CHARACTERIZATION AND OPTIMIZATION OF MRNA ENTRAPPED PEPTIDE NANOPARTICLES FOR TARGETED GENE DELIVERY

The mRNA entrapped nanoparticles have the potential to be used in targeted gene delivery. These nanoparticles are used in treating Cancer and neurological disorders. Purpose (a): Generally, mRNA is considered to be very labile and unstable and has not been significantly used for therapeutic purposes. However, compared to DNA based gene expression, mRNA is safer as it is does not integrate with the host genome, and it does not require nuclear localization. The main aim of this project is to entrap the mRNA inside a targeted nanoparticle to increase its stability and the tissue specificity of the gene delivery. Methods (b): The particles were assembled using heat denatured mRNA and a cationic oligomer or detergent to neutralize the negative charge of the polynucleotide. Subsequently phospholipid and a protein/peptide component are added to form the stable mRNA nanoparticle.
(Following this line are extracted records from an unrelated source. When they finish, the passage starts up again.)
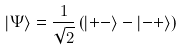Convert formula to latex. <formula><loc_0><loc_0><loc_500><loc_500>\left | \Psi \right \rangle = \frac { 1 } { \sqrt { 2 } } \left ( \left | + - \right \rangle - \left | - + \right \rangle \right )</formula> 
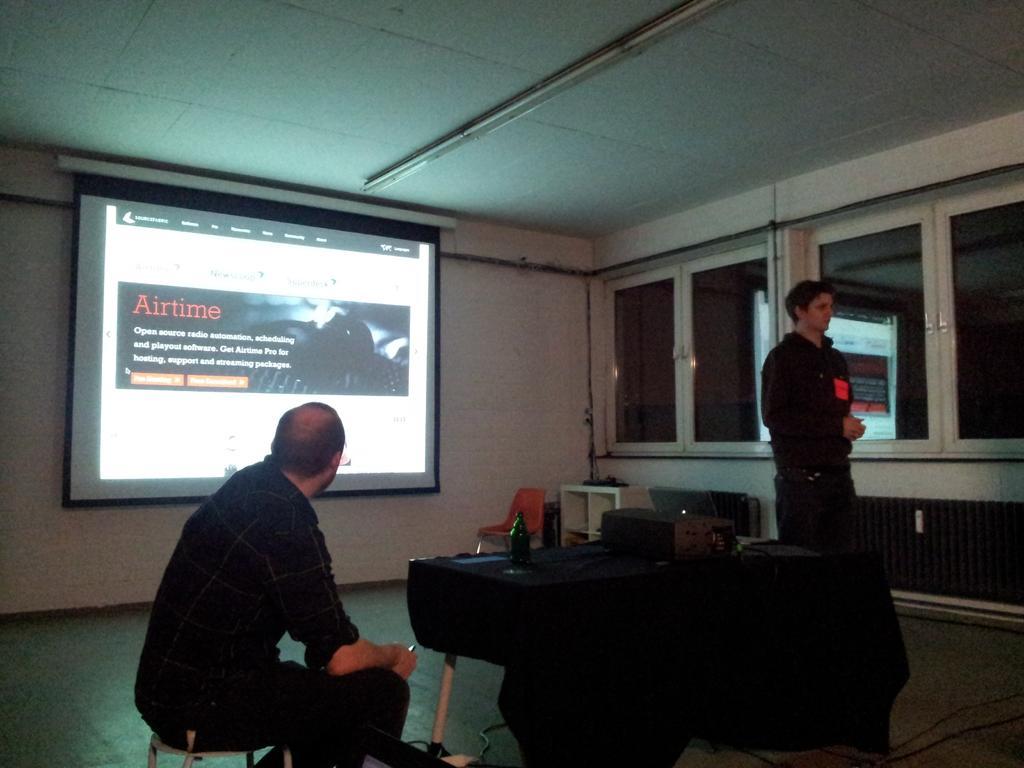Describe this image in one or two sentences. In this image I can see one person sitting on the table and there is an other person standing. There is a table and there are some objects on it. There is a chair, wall, ceiling and there are glass doors. Also there are some objects on the floor. 
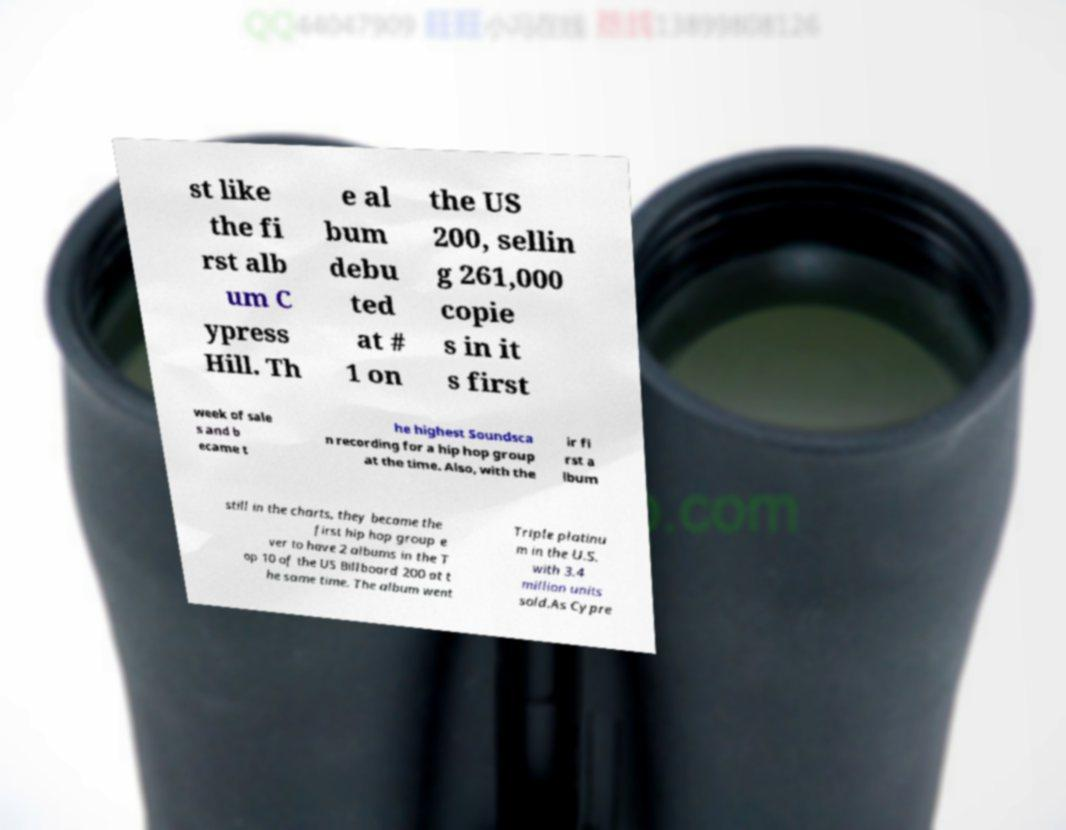Can you accurately transcribe the text from the provided image for me? st like the fi rst alb um C ypress Hill. Th e al bum debu ted at # 1 on the US 200, sellin g 261,000 copie s in it s first week of sale s and b ecame t he highest Soundsca n recording for a hip hop group at the time. Also, with the ir fi rst a lbum still in the charts, they became the first hip hop group e ver to have 2 albums in the T op 10 of the US Billboard 200 at t he same time. The album went Triple platinu m in the U.S. with 3.4 million units sold.As Cypre 
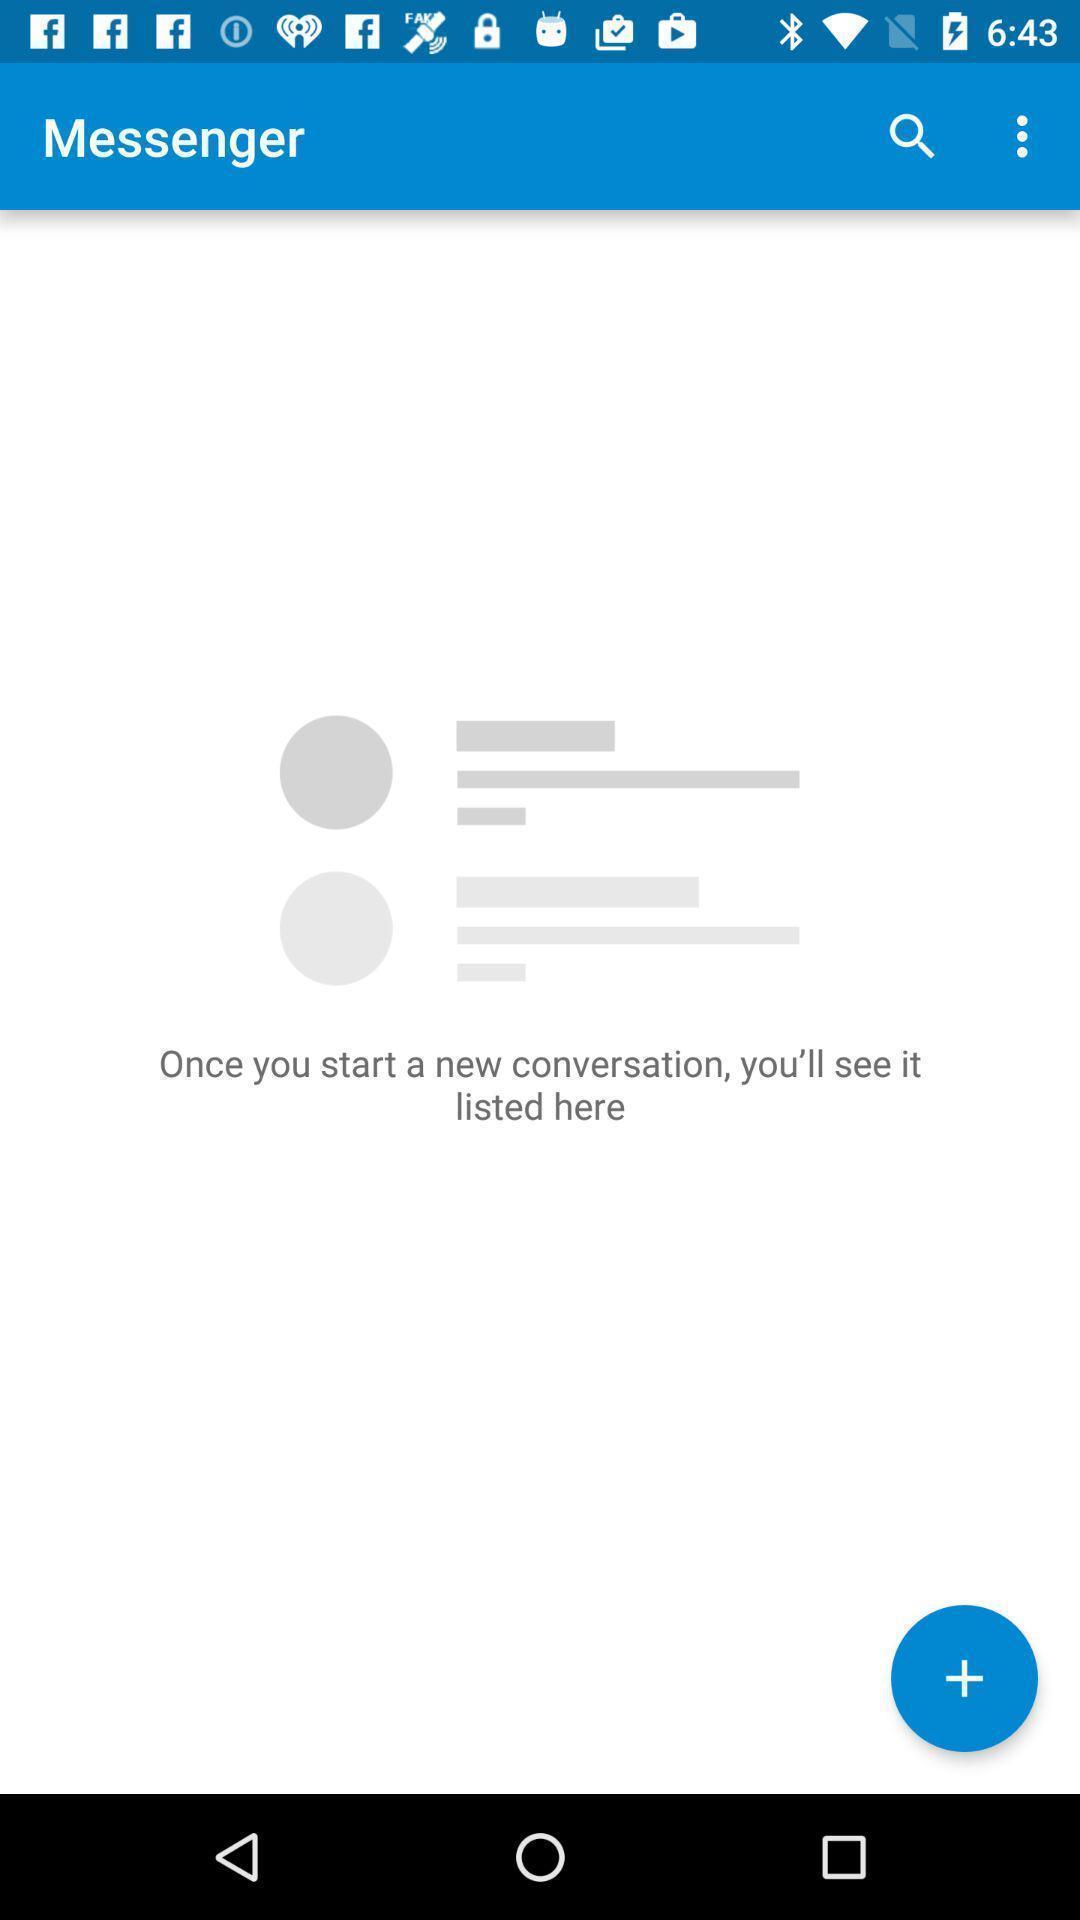Give me a summary of this screen capture. Screen displaying the page of a social app. 
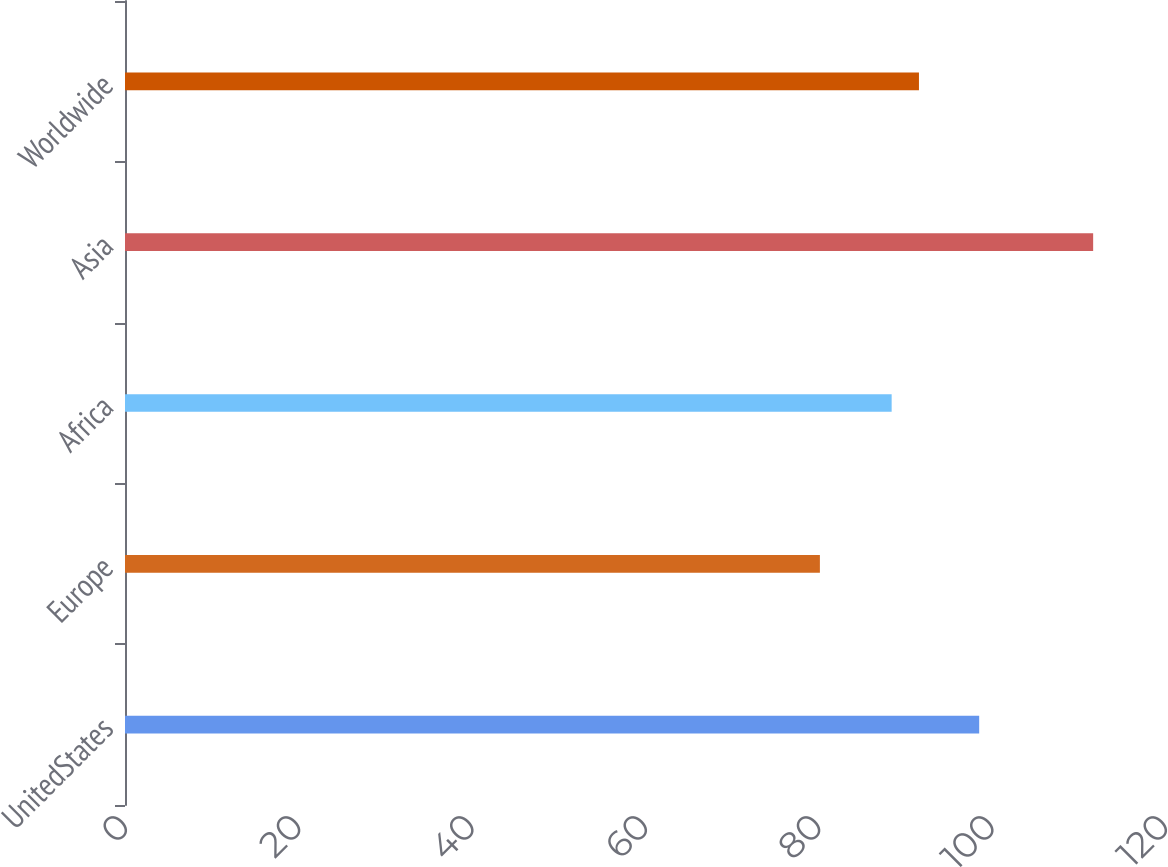<chart> <loc_0><loc_0><loc_500><loc_500><bar_chart><fcel>UnitedStates<fcel>Europe<fcel>Africa<fcel>Asia<fcel>Worldwide<nl><fcel>98.56<fcel>80.18<fcel>88.46<fcel>111.71<fcel>91.61<nl></chart> 
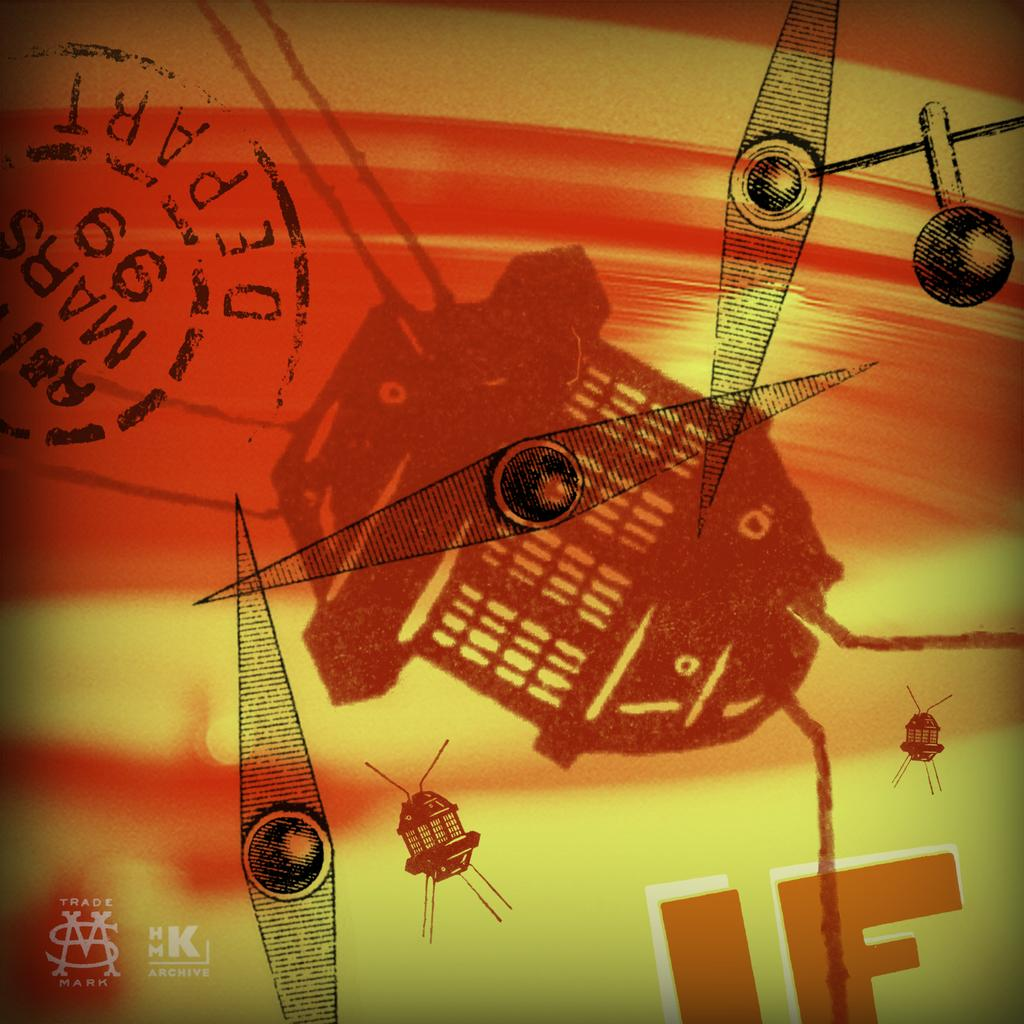What is located in the top left of the image? There is a stamp seal in the top left of the image. What else can be seen in the image besides the stamp seal? There is a logo, some text, and a few objects in the image. Can you describe the logo in the image? Unfortunately, the facts provided do not give a detailed description of the logo. What type of information might be conveyed by the text in the image? The text in the image might convey information about the objects or the purpose of the image. How many pigs are visible in the image? There are no pigs present in the image. What is the weight of the objects in the image? The facts provided do not give any information about the weight of the objects in the image.

In order to minimize the size of the particles, the preparation was carried out with several cationic detergents, including Hexadecyltrimethyl ammonium bromide (HTAB), Tetrabutyl ammonium hydroxide (TBAH), and DOTAP. The peptide/protein components were 10-100µg of either Apolipoprotein A-I, or A-I mimetic peptide Myr-5A/ 5A. The incorporation efficiency of the polynucleotide is determined by separating the unincorporated mRNA using OligodT beads and lysing the particles using Trizol reagent to release the entrapped mRNA. Results (c): The yield of the entrapped mRNA analyzed using Ribogreen assay was 17-20%. Based upon the size analysis measurements made using Dynamic Light Scatterer, it was observed that the particles prepared with 5A peptide (10µg) and DOTAP (10µg) resulted in 48% of 268nm particles. Conclusions (d): Further optimization of this formulation may be achieved to produce more homogenous nanoparticles with higher mRNA incorporation efficiency, using DOTAP as the neutralizer and 5A as the peptide.